**What you are asked to do**
Every record needs to be restated word for word.

[Data extracted from a collection]
- - -

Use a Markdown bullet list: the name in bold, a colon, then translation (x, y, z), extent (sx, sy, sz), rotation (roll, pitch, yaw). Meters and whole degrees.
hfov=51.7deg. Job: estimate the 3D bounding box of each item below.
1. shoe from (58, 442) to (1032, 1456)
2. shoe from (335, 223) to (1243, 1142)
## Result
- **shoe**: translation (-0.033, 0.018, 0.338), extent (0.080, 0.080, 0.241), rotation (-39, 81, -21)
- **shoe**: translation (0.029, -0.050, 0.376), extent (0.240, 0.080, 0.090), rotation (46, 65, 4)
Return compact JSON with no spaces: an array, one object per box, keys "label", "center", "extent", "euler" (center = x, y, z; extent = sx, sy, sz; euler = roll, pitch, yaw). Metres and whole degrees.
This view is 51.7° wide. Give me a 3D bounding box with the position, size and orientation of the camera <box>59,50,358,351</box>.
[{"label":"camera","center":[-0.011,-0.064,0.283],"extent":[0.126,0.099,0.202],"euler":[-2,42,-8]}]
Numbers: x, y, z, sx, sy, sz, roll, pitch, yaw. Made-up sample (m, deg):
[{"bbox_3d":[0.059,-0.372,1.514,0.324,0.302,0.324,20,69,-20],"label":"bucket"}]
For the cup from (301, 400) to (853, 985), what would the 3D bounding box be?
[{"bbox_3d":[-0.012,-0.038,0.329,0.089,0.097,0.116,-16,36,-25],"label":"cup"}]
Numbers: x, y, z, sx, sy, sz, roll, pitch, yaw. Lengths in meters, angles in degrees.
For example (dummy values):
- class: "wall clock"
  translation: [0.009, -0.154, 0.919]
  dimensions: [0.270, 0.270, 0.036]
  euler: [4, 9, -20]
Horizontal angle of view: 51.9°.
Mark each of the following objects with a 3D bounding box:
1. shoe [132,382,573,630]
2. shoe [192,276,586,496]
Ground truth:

- - -

**Problem solution**
Use a Markdown bullet list: the name in bold, a colon, then translation (x, y, z), extent (sx, sy, sz), rotation (roll, pitch, yaw). Meters and whole degrees.
hfov=51.7deg. Job: estimate the 3D bounding box of each item below.
1. shoe from (58, 442) to (1032, 1456)
2. shoe from (335, 223) to (1243, 1142)
## Result
- **shoe**: translation (-0.033, 0.018, 0.338), extent (0.080, 0.080, 0.241), rotation (-39, 81, -21)
- **shoe**: translation (0.029, -0.050, 0.376), extent (0.240, 0.080, 0.090), rotation (46, 65, 4)
Return compact JSON with no spaces: an array, one object per box, keys "label", "center", "extent", "euler" (center = x, y, z; extent = sx, sy, sz; euler = roll, pitch, yaw). Metres and whole degrees.
This view is 51.7° wide. Give me a 3D bounding box with the position, size and orientation of the camera <box>59,50,358,351</box>.
[{"label":"camera","center":[-0.011,-0.064,0.283],"extent":[0.126,0.099,0.202],"euler":[-2,42,-8]}]
Numbers: x, y, z, sx, sy, sz, roll, pitch, yaw. Made-up sample (m, deg):
[{"bbox_3d":[0.059,-0.372,1.514,0.324,0.302,0.324,20,69,-20],"label":"bucket"}]
For the cup from (301, 400) to (853, 985), what would the 3D bounding box be?
[{"bbox_3d":[-0.012,-0.038,0.329,0.089,0.097,0.116,-16,36,-25],"label":"cup"}]
Numbers: x, y, z, sx, sy, sz, roll, pitch, yaw. Lengths in meters, angles in degrees.
For example (dummy values):
- class: "wall clock"
  translation: [0.009, -0.154, 0.919]
  dimensions: [0.270, 0.270, 0.036]
  euler: [4, 9, -20]
Horizontal angle of view: 51.9°.
Mark each of the following objects with a 3D bounding box:
1. shoe [132,382,573,630]
2. shoe [192,276,586,496]
Ground truth:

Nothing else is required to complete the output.